Северянин уходил из своей комнаты с чувством выполненного долга. Все что он мог, сделал. Он пытался работать, открыл новое, предложил свое открытие государству, которое использовало его, относилось к нему как к вещи, предало его, но которое он все же любил. Теперь он чувствовал, что руки у него развязаны. Он может действовать, как считает нужным. Он себе не принадлежит. Теперь он ответственен за то открытие, что совершил. Оно должно было служить на благо всему человечеству, а не жалкой кучке кремлевских небожителей.
В коридоре коммуналки Вацлав столкнулся лицом к лицу со стариком Никанорычем. Тот посмотрел на него испытующе, и Северянин увидел в его глазах бланк доноса, который старик уже мысленно составлял. Никанорыч проводил их долгим взглядом, но можно было не сомневаться, что через минуту он уже позвонит куда следует, и расскажет что надо.
Время шло на минуты. Скоро кольцо вокруг него сомкнется, и тогда выхода из окружения не будет.

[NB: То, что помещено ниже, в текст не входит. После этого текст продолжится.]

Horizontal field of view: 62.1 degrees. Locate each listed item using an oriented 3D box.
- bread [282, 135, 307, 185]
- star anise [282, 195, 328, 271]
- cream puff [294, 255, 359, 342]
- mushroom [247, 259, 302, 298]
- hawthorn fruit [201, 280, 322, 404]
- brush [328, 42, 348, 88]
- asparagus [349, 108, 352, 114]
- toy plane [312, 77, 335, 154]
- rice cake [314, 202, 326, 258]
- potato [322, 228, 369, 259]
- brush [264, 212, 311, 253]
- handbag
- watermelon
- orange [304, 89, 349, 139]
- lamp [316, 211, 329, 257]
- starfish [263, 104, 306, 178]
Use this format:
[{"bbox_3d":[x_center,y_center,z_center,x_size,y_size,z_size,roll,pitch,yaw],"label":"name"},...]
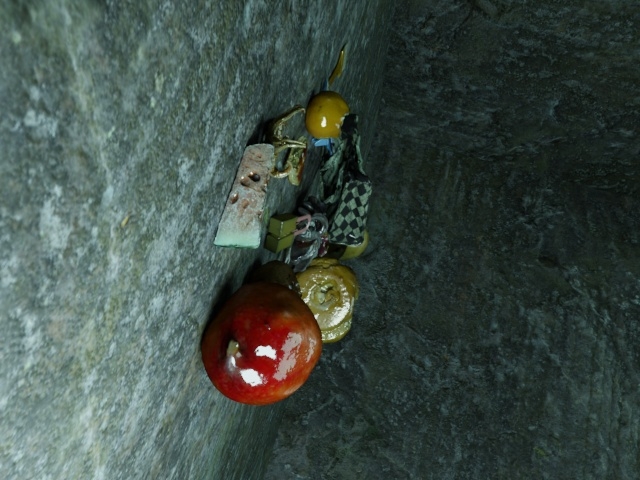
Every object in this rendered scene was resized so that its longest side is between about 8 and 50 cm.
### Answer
[{"bbox_3d":[-0.069,-0.243,1.556,0.154,0.054,0.136,93,14,-84],"label":"bread"},{"bbox_3d":[-0.049,-0.007,1.881,0.316,0.139,0.360,73,29,-61],"label":"star anise"},{"bbox_3d":[0.011,0.236,2.159,0.231,0.327,0.343,52,13,-86],"label":"cream puff"},{"bbox_3d":[-0.146,0.180,1.541,0.253,0.153,0.253,14,90,-73],"label":"mushroom"},{"bbox_3d":[-0.141,0.253,1.255,0.311,0.294,0.295,-60,165,-60],"label":"hawthorn fruit"},{"bbox_3d":[0.054,-0.601,1.903,0.103,0.013,0.272,97,11,-48],"label":"brush"},{"bbox_3d":[0.106,-0.435,2.315,0.382,0.108,0.129,80,28,-70],"label":"asparagus"},{"bbox_3d":[0.025,-0.424,1.801,0.169,0.078,0.247,-116,-151,-58],"label":"toy plane"},{"bbox_3d":[0.007,-0.053,2.535,0.070,0.064,0.399,-21,127,-69],"label":"rice cake"},{"bbox_3d":[0.125,-0.003,2.601,0.285,0.242,0.243,-43,-158,53],"label":"potato"},{"bbox_3d":[-0.090,-0.040,1.658,0.233,0.047,0.103,-27,136,-61],"label":"brush"},{"bbox_3d":[0.095,-0.236,1.934,0.317,0.180,0.416,98,-10,-50],"label":"handbag"},{"bbox_3d":[-0.151,-0.098,1.170,0.154,0.094,0.241,-62,164,-85],"label":"watermelon"},{"bbox_3d":[0.022,-0.386,1.655,0.156,0.134,0.157,-52,153,-41],"label":"orange"},{"bbox_3d":[0.000,0.000,2.385,0.118,0.118,0.253,-43,141,-77],"label":"lamp"},{"bbox_3d":[-0.088,-0.243,1.233,0.190,0.074,0.146,-98,-153,-44],"label":"starfish"}]
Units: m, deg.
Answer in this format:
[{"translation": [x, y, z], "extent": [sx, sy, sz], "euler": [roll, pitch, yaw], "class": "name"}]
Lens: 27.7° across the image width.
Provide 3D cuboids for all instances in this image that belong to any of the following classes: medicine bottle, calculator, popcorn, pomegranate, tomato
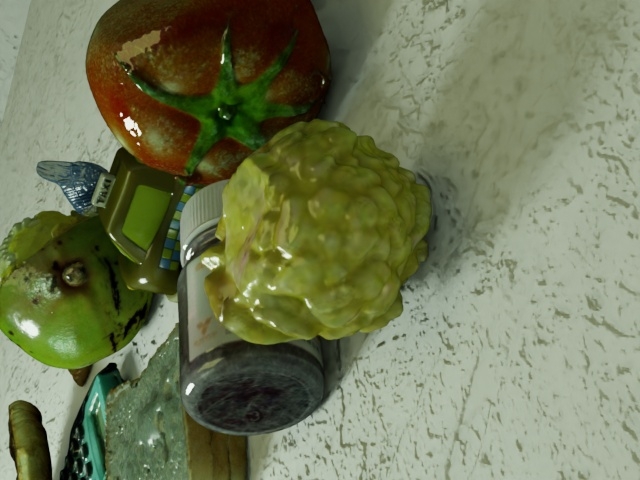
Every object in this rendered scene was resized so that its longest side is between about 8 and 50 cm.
[{"translation": [-0.085, 0.073, 1.508], "extent": [0.165, 0.165, 0.273], "euler": [-51, 34, 42], "class": "medicine bottle"}, {"translation": [-0.357, 0.366, 2.044], "extent": [0.274, 0.058, 0.248], "euler": [-67, 25, 20], "class": "calculator"}, {"translation": [0.000, 0.000, 1.315], "extent": [0.259, 0.212, 0.259], "euler": [-171, 90, -69], "class": "popcorn"}, {"translation": [-0.388, 0.082, 2.077], "extent": [0.341, 0.260, 0.261], "euler": [78, -161, -74], "class": "pomegranate"}, {"translation": [-0.134, -0.225, 1.622], "extent": [0.303, 0.303, 0.239], "euler": [-58, 35, 32], "class": "tomato"}]

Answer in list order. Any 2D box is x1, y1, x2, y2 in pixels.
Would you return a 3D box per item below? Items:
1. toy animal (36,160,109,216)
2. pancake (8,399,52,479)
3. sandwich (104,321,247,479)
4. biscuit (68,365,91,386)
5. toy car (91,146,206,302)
[{"translation": [-0.375, -0.046, 2.197], "extent": [0.255, 0.239, 0.176], "euler": [-23, 10, 11], "class": "toy animal"}, {"translation": [-0.460, 0.459, 2.137], "extent": [0.427, 0.066, 0.305], "euler": [-125, 29, -58], "class": "pancake"}, {"translation": [-0.198, 0.273, 1.713], "extent": [0.301, 0.099, 0.271], "euler": [-44, 40, 47], "class": "sandwich"}, {"translation": [-0.438, 0.150, 2.362], "extent": [0.176, 0.031, 0.228], "euler": [-66, 27, 16], "class": "biscuit"}, {"translation": [-0.223, -0.043, 1.818], "extent": [0.248, 0.198, 0.204], "euler": [-68, 27, 17], "class": "toy car"}]
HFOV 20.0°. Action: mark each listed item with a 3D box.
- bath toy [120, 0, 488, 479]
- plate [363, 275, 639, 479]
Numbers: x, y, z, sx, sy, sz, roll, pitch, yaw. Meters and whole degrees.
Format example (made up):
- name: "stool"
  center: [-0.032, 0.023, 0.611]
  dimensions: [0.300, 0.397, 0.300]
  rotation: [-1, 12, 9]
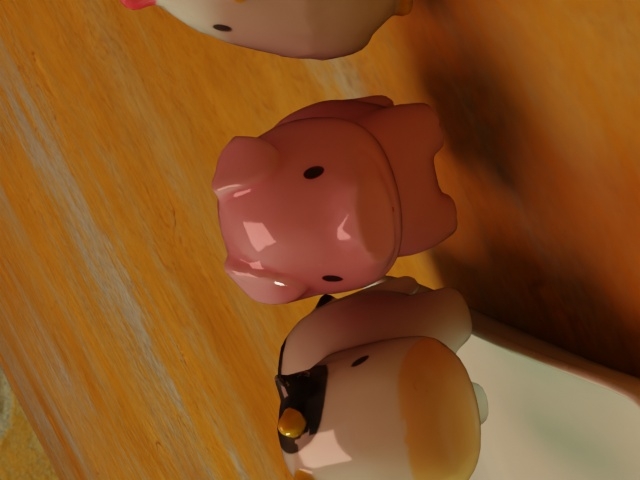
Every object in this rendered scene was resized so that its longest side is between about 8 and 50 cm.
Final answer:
- name: "bath toy"
  center: [0.000, 0.000, 0.805]
  dimensions: [0.151, 0.129, 0.348]
  rotation: [-164, 61, -67]
- name: "plate"
  center: [0.138, 0.152, 0.885]
  dimensions: [0.277, 0.045, 0.278]
  rotation: [21, 136, 64]
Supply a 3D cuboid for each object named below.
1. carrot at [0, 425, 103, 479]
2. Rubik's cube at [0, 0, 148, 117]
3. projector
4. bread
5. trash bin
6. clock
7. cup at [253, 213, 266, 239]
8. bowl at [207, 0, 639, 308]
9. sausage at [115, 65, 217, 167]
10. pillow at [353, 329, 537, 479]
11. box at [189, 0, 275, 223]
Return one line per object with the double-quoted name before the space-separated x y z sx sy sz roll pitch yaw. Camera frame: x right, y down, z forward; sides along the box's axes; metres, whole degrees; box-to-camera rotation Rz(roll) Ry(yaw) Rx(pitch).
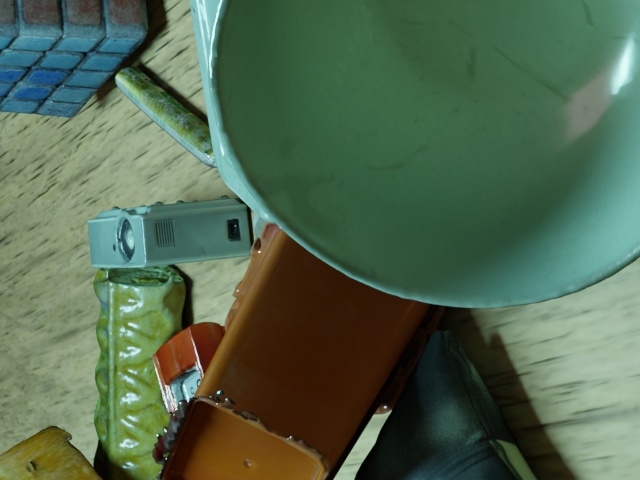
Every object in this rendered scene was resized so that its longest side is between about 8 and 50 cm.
"carrot" -0.226 0.333 2.041 0.307 0.100 0.258 46 161 17
"Rubik's cube" -0.331 -0.278 2.034 0.237 0.237 0.238 146 122 -61
"projector" -0.147 -0.008 1.877 0.147 0.115 0.061 -3 94 63
"bread" -0.188 0.150 2.026 0.087 0.098 0.269 -54 -32 -70
"trash bin" -0.013 0.093 1.478 0.238 0.161 0.184 -59 -6 -50
"clock" -0.102 0.164 1.891 0.113 0.061 0.155 -36 67 60
"cup" -0.007 0.001 1.644 0.099 0.074 0.102 66 148 32
"bowl" 0.096 -0.119 1.219 0.163 0.307 0.307 -66 -11 -58
"sausage" -0.149 -0.125 1.948 0.269 0.033 0.032 41 131 54
"pillow" 0.106 0.214 1.428 0.250 0.106 0.186 59 137 39
"box" 0.009 -0.164 1.383 0.175 0.183 0.311 -138 36 -58
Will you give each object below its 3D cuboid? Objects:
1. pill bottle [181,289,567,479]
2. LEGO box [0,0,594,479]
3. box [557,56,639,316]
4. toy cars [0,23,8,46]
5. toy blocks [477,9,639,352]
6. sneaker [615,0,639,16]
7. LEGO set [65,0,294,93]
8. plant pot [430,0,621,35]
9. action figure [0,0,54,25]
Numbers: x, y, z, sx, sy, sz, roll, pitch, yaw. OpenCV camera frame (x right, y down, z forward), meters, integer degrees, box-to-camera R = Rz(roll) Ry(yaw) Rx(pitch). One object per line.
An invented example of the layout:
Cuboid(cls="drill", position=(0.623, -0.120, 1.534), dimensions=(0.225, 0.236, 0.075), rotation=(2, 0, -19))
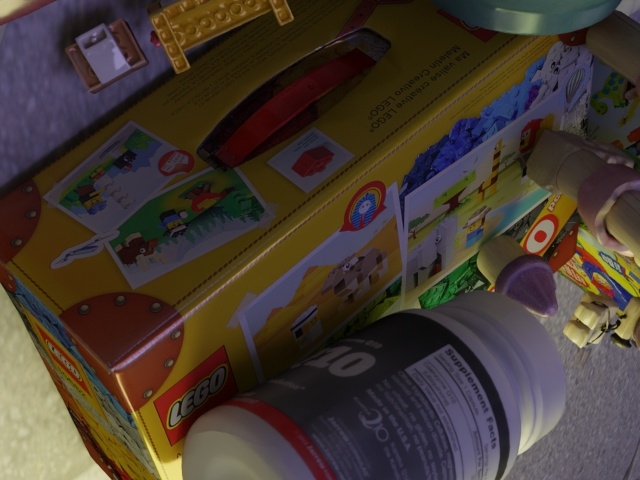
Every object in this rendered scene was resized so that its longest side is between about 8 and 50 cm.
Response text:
Cuboid(cls="pill bottle", position=(0.049, 0.149, 0.982), dimensions=(0.283, 0.161, 0.161), rotation=(-25, 140, -38))
Cuboid(cls="LEGO box", position=(0.000, 0.000, 1.110), dimensions=(0.500, 0.193, 0.372), rotation=(-39, 148, -21))
Cuboid(cls="box", position=(0.335, -0.049, 1.425), dimensions=(0.177, 0.279, 0.290), rotation=(-49, 149, -3))
Cuboid(cls="toy cars", position=(-0.147, -0.247, 0.754), dimensions=(0.394, 0.087, 0.176), rotation=(-51, 149, -2))
Cuboid(cls="toy blocks", position=(0.327, 0.018, 1.047), dimensions=(0.288, 0.260, 0.309), rotation=(11, 116, -33))
Cuboid(cls="sneaker", position=(0.253, -0.270, 1.219), dimensions=(0.129, 0.111, 0.297), rotation=(-36, 168, 31))
Cuboid(cls="LEGO set", position=(-0.068, -0.221, 0.915), dimensions=(0.132, 0.107, 0.287), rotation=(26, 109, -24))
Cuboid(cls="plant pot", position=(0.158, -0.277, 0.933), dimensions=(0.293, 0.293, 0.196), rotation=(-32, 145, -31))
Cuboid(cls="action figure", position=(-0.253, -0.131, 0.647), dimensions=(0.370, 0.248, 0.276), rotation=(-37, -165, 44))
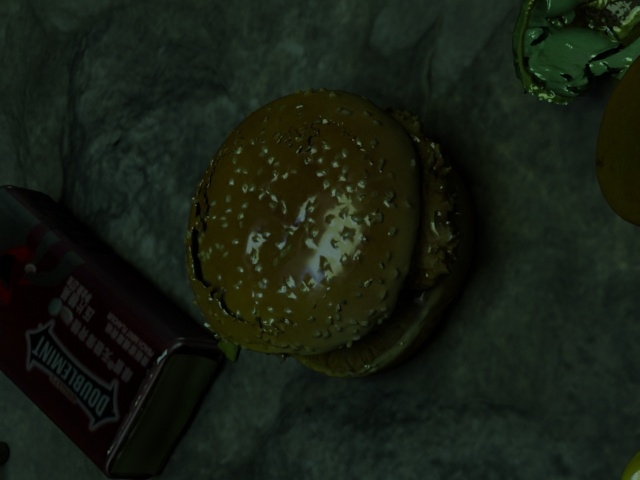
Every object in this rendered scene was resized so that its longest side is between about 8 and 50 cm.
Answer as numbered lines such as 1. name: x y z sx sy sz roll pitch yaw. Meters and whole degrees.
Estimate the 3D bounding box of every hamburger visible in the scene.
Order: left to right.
1. hamburger: 0.007 -0.004 1.140 0.191 0.118 0.182 8 89 34

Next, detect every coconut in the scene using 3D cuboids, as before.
1. coconut: 0.187 -0.155 1.066 0.158 0.055 0.133 -15 71 33

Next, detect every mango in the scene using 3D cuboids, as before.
1. mango: 0.229 -0.072 1.000 0.178 0.090 0.115 -15 87 43

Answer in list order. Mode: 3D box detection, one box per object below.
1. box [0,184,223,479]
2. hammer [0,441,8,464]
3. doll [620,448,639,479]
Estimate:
1. box: -0.177 0.063 1.296 0.224 0.069 0.120 39 105 34
2. hammer: -0.245 0.205 1.347 0.019 0.035 0.110 -19 79 34
3. doll: 0.220 0.152 0.987 0.113 0.071 0.135 36 111 17
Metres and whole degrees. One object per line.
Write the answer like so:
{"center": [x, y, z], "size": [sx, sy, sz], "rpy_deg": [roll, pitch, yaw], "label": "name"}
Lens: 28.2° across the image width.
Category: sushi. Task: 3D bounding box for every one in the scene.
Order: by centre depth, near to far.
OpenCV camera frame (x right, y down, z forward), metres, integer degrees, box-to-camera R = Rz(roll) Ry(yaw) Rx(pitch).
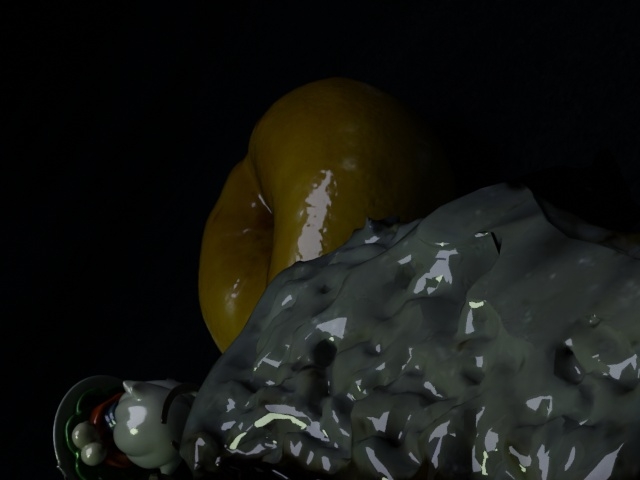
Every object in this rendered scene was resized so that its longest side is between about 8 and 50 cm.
{"center": [0.105, 0.091, 0.634], "size": [0.348, 0.207, 0.234], "rpy_deg": [1, 43, 52], "label": "sushi"}

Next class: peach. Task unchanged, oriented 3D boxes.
{"center": [0.000, 0.000, 0.977], "size": [0.251, 0.153, 0.251], "rpy_deg": [-55, 21, 33], "label": "peach"}

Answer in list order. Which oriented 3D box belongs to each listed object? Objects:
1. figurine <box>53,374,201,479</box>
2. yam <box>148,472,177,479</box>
{"center": [-0.165, 0.181, 1.215], "size": [0.154, 0.132, 0.132], "rpy_deg": [-20, 51, 41], "label": "figurine"}
{"center": [-0.195, 0.385, 1.128], "size": [0.371, 0.083, 0.083], "rpy_deg": [-65, 25, 3], "label": "yam"}
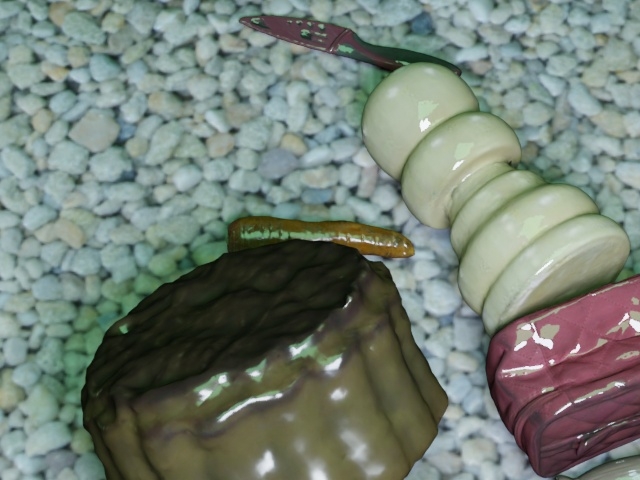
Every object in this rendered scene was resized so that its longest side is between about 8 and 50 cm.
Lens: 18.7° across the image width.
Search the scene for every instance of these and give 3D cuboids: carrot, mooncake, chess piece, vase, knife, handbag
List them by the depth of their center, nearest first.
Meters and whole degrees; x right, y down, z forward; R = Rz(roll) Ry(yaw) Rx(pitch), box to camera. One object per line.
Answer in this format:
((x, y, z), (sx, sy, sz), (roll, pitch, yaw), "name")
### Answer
((-0.058, 0.135, 1.736), (0.324, 0.324, 0.187), (-27, 110, -10), "mooncake")
((0.274, 0.233, 1.832), (0.100, 0.053, 0.053), (-11, 65, 1), "vase")
((0.273, 0.124, 1.832), (0.225, 0.146, 0.135), (-19, 60, -7), "handbag")
((0.152, -0.054, 1.916), (0.167, 0.167, 0.300), (-32, 64, -13), "chess piece")
((0.000, 0.000, 1.957), (0.191, 0.047, 0.047), (1, 65, -4), "carrot")
((0.031, -0.209, 2.063), (0.247, 0.018, 0.035), (16, 69, 10), "knife")
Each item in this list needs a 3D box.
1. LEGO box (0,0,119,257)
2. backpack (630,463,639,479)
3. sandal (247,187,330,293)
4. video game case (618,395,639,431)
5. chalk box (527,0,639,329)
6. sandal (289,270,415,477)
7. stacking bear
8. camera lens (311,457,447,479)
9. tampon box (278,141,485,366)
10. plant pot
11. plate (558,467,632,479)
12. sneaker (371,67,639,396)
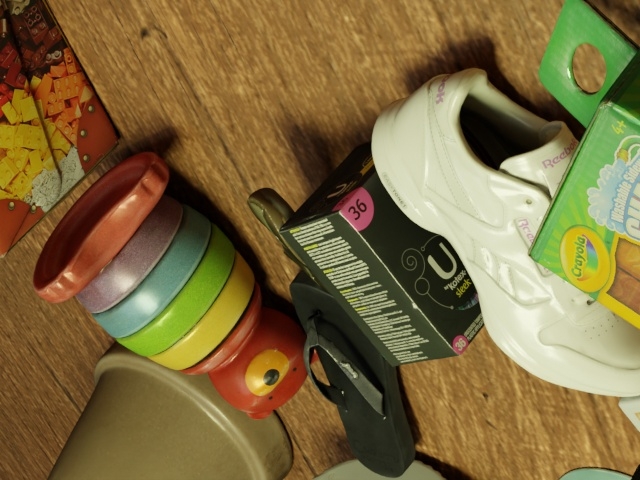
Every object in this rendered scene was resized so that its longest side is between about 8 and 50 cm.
[{"bbox_3d":[-0.498,-0.207,1.662,0.500,0.193,0.372,9,137,42],"label":"LEGO box"},{"bbox_3d":[0.343,0.260,1.357,0.173,0.117,0.158,44,150,-9],"label":"backpack"},{"bbox_3d":[0.000,0.000,1.476,0.090,0.060,0.219,42,175,33],"label":"sandal"},{"bbox_3d":[0.379,0.197,1.372,0.212,0.023,0.193,50,148,-15],"label":"video game case"},{"bbox_3d":[0.260,-0.047,1.044,0.289,0.179,0.180,33,148,13],"label":"chalk box"},{"bbox_3d":[0.033,0.143,1.637,0.097,0.054,0.255,4,126,43],"label":"sandal"},{"bbox_3d":[-0.128,0.065,1.643,0.289,0.175,0.164,42,175,-20],"label":"stacking bear"},{"bbox_3d":[0.080,0.392,1.754,0.219,0.219,0.274,17,142,34],"label":"camera lens"},{"bbox_3d":[0.072,0.006,1.373,0.161,0.120,0.101,50,149,-15],"label":"tampon box"},{"bbox_3d":[-0.199,0.269,1.900,0.263,0.229,0.263,27,147,20],"label":"plant pot"},{"bbox_3d":[0.304,0.293,1.576,0.188,0.024,0.188,27,146,21],"label":"plate"},{"bbox_3d":[0.169,-0.002,1.256,0.305,0.114,0.152,47,148,-4],"label":"sneaker"}]
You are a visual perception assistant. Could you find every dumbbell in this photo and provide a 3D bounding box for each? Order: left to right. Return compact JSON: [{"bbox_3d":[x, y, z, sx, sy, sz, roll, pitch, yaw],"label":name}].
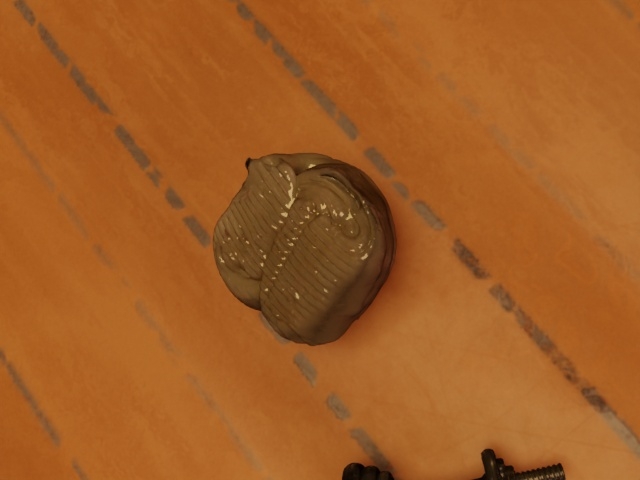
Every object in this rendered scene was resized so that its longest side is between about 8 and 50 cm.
[{"bbox_3d":[0.130,0.272,0.892,0.255,0.110,0.110,-15,78,9],"label":"dumbbell"}]

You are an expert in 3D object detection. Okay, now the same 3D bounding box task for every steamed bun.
[{"bbox_3d":[-0.002,-0.001,0.953,0.211,0.144,0.218,47,127,26],"label":"steamed bun"}]
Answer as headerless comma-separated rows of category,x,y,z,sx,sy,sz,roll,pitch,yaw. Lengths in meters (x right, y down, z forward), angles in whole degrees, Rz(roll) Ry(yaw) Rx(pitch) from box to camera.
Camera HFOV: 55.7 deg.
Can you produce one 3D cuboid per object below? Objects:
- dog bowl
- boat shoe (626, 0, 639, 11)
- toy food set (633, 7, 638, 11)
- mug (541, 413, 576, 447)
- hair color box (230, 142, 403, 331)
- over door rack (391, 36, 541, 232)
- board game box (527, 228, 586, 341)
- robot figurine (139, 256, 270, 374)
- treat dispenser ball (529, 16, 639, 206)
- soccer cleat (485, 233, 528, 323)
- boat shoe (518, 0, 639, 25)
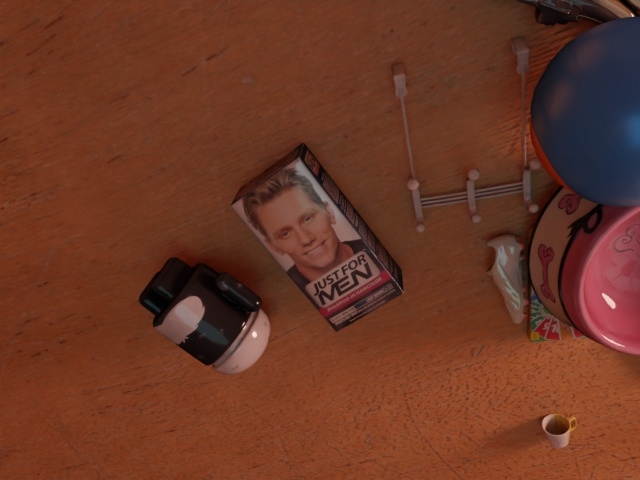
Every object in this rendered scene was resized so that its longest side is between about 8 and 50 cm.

- Не беспокойтесь, Вацлав Георгиевич, сейчас мы тихо выедем из города, а там дальше дело техники. Наши люди доставят вас на границу с Финляндией и помогут ее перейти, а там уже специальным рейсом и вы в Лондоне. Пара недель отдыха, и вы решите, как вам быть. Я обязательно вас навещу, - тихо говорил Рюмин, словно твердил молитву, пока они спускались по ступенькам.
На первом этаже их уже ждали. Трое людей в сером толклись возле почтовых ящиков. Один выдвинулся навстречу, вынимая из кармана револьвер. Двое тут же встали по бокам. Сомневаться не приходилось, сейчас их арестуют, и надежды на спасение не останется.
Но Рюмин, назвавший себя Солдатом, резко дернул правой рукой, в которой оказался пистолет, и выстрелил первым. Затем снова, и еще раз. Серые не успели опомниться. Стрелял Солдат метко, полностью оправдывая свое странное прозвище. Три патрона, три смерти.
Теперь обратного пути нет. Он не просто опальный инженер, теперь он соучастник массового убийства.
Вацлав почувствовал, как все внутри замерло. Последние ступеньки лестницы он преодолел автоматически, не осознавая себя.
На улице морозный воздух привел его в чувства. Шел мокрый снег, и колючие снежинки падали на лицо инженера и тут же таяли.
Хлопнули дверцы черной «Волги» и из машины показались трое сотрудников КГБ. Они бежали им навстречу, с оружием в руках, но Рюмин действовал хладнокровно и жестоко. Он расстрелял их в упор. Люди в сером даже не успели опомниться. Никто на них памяти не действовал так нагло и вызывающе, как этот странный нелепый человек в коричневом пальто. Не ожидая сопротивления, они умерли на месте.
- Не мучайтесь глупыми угрызениями совести, так было нужно. Эти люди враги вам и всему человечеству, - равнодушно произнес Рюмин, и Вацлав ему поверил.
Незваный гость кинулся к черной «Волге», сел на место водителя и распахнул пассажирскую дверцу рядом.
- Ну что вы? Быстрее. Скоро здесь будет половина Ленинграда.
Северянин сел в машину, закрыл дверцу и положил армейский вещмешок себе на колени. В этом вещмешке лежало все его добро, все, чем он дорожил, вся его жизнь.
Рюмин завел мотор. «Волга» взревела. И они выехали из темного ленинградского двора, оставляя за собой мертвые тела комитетчиков и старую гнилую жизнь.
«Вперед, к светлому будущему» - пробормотал себе под нос избитый советский лозунг Вацлав, и только теперь он в него верил.
Глава 2
БЕГЛЕЦ
- Вы умеете стрелять? – спросил Роман Рюмин.
Он чиркнул спичкой и прикурил. Жадно затянулся, глотнул дыма и выпустил белые клубы из носа к потолку. Выглядел он довольным.
Вацлав вспомнил, как ловко тот расправился с людьми в сером, топтавшимися у его дома в ожидании приказа об аресте простого советского инженера, работавшего в весьма непростом секретном учреждении. Этот человек точно знал, как обращаться с оружием, не даром звался Солдатом. Убийство для него было таким же простым делом, как прикурить сигарету от простой советской спички. Рядом с ним Северянин чувствовал себя беспомощным и наивным, как ребенок на уроке политинформации.
- У отца был наградной именной пистолет. Он учил меня стрелять. Хорошее было время. Возможно, лучшее, - сказал Вацлав, беря в руки горячую кружку с бледным чаем, который лишь по привычке назывался черным.